EXTRACTED ENTRIES:
= = =

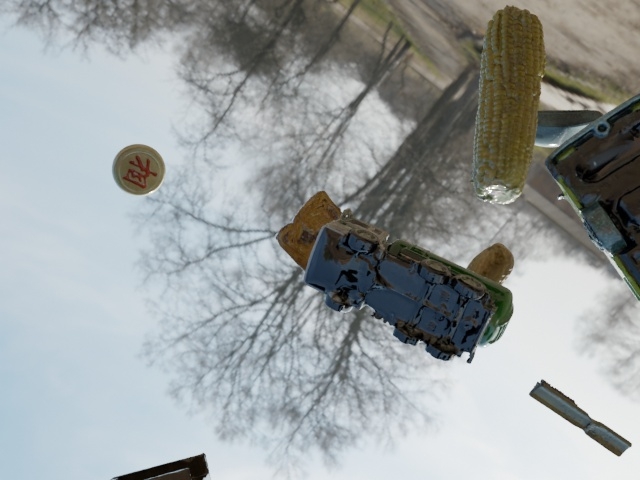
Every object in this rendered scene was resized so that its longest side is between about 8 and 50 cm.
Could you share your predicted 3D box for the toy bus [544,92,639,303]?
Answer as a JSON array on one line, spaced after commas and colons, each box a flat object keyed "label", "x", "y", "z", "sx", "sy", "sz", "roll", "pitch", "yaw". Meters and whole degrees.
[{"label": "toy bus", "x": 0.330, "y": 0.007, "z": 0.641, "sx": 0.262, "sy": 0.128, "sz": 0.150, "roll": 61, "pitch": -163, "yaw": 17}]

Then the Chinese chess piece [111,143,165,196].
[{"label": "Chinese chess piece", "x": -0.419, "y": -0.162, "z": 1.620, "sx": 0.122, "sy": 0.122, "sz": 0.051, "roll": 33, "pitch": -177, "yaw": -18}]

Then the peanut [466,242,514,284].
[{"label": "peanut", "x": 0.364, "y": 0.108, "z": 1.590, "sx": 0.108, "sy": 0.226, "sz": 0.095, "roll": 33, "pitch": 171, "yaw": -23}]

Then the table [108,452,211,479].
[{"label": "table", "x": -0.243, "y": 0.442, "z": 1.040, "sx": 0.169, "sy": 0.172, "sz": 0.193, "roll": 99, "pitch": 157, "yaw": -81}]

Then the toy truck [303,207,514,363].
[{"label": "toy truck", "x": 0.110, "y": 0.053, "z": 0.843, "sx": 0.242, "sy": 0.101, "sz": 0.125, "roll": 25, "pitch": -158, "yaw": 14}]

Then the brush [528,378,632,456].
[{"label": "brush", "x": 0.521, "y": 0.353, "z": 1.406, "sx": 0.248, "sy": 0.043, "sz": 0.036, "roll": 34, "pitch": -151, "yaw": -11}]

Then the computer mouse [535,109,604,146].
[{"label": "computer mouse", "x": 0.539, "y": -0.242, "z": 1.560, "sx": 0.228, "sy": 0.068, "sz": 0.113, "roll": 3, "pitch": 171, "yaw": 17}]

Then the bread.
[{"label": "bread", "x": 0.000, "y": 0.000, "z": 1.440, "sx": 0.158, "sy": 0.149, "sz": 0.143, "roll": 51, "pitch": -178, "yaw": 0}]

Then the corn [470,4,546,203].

= = =

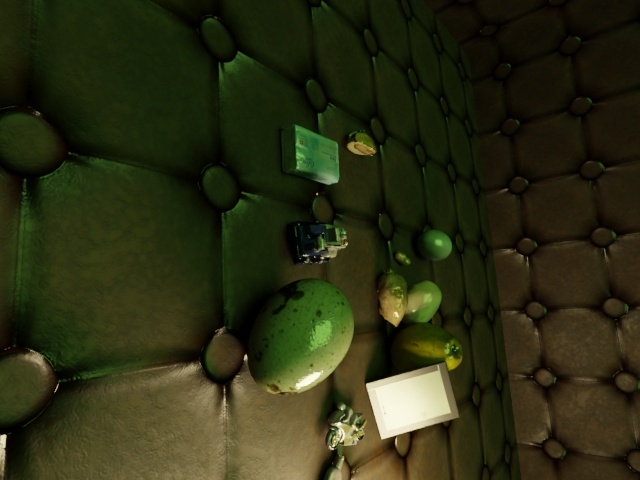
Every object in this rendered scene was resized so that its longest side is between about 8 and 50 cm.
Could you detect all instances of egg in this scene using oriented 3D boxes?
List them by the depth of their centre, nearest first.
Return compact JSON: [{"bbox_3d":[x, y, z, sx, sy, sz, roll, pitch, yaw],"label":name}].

= = =

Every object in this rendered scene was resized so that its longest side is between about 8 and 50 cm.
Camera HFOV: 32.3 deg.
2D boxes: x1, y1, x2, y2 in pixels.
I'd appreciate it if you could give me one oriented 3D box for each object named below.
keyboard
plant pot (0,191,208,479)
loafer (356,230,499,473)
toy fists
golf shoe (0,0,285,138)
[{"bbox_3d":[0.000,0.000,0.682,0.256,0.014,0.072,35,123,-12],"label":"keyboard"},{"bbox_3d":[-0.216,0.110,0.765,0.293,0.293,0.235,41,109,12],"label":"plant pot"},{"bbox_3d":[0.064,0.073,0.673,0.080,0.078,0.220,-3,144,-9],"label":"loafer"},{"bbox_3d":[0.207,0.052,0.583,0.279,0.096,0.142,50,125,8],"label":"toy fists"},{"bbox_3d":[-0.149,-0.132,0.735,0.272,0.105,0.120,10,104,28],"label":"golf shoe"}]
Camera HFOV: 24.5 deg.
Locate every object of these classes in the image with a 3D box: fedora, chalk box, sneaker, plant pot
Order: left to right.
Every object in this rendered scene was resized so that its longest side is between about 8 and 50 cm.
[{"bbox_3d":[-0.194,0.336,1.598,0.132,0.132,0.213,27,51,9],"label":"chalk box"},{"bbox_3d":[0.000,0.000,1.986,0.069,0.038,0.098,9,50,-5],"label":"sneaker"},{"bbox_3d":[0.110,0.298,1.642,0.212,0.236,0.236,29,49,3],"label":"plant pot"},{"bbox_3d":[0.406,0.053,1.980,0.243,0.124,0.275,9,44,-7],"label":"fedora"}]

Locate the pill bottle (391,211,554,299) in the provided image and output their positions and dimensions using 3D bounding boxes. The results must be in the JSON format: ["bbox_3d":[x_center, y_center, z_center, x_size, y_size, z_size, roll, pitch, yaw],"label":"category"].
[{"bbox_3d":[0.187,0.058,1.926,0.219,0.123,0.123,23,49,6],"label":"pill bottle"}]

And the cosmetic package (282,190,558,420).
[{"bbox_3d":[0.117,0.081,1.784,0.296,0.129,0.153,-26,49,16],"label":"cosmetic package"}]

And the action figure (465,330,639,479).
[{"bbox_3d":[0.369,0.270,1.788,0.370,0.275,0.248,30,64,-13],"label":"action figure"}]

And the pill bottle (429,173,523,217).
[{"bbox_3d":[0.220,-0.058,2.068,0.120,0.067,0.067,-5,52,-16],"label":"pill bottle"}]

= = =

WHAT YOU NEED TO DO:
From the records, copy out each line that includes the string "Camera".

SOLVED PROBLEM:
Camera HFOV: 32.3 deg.
Camera HFOV: 24.5 deg.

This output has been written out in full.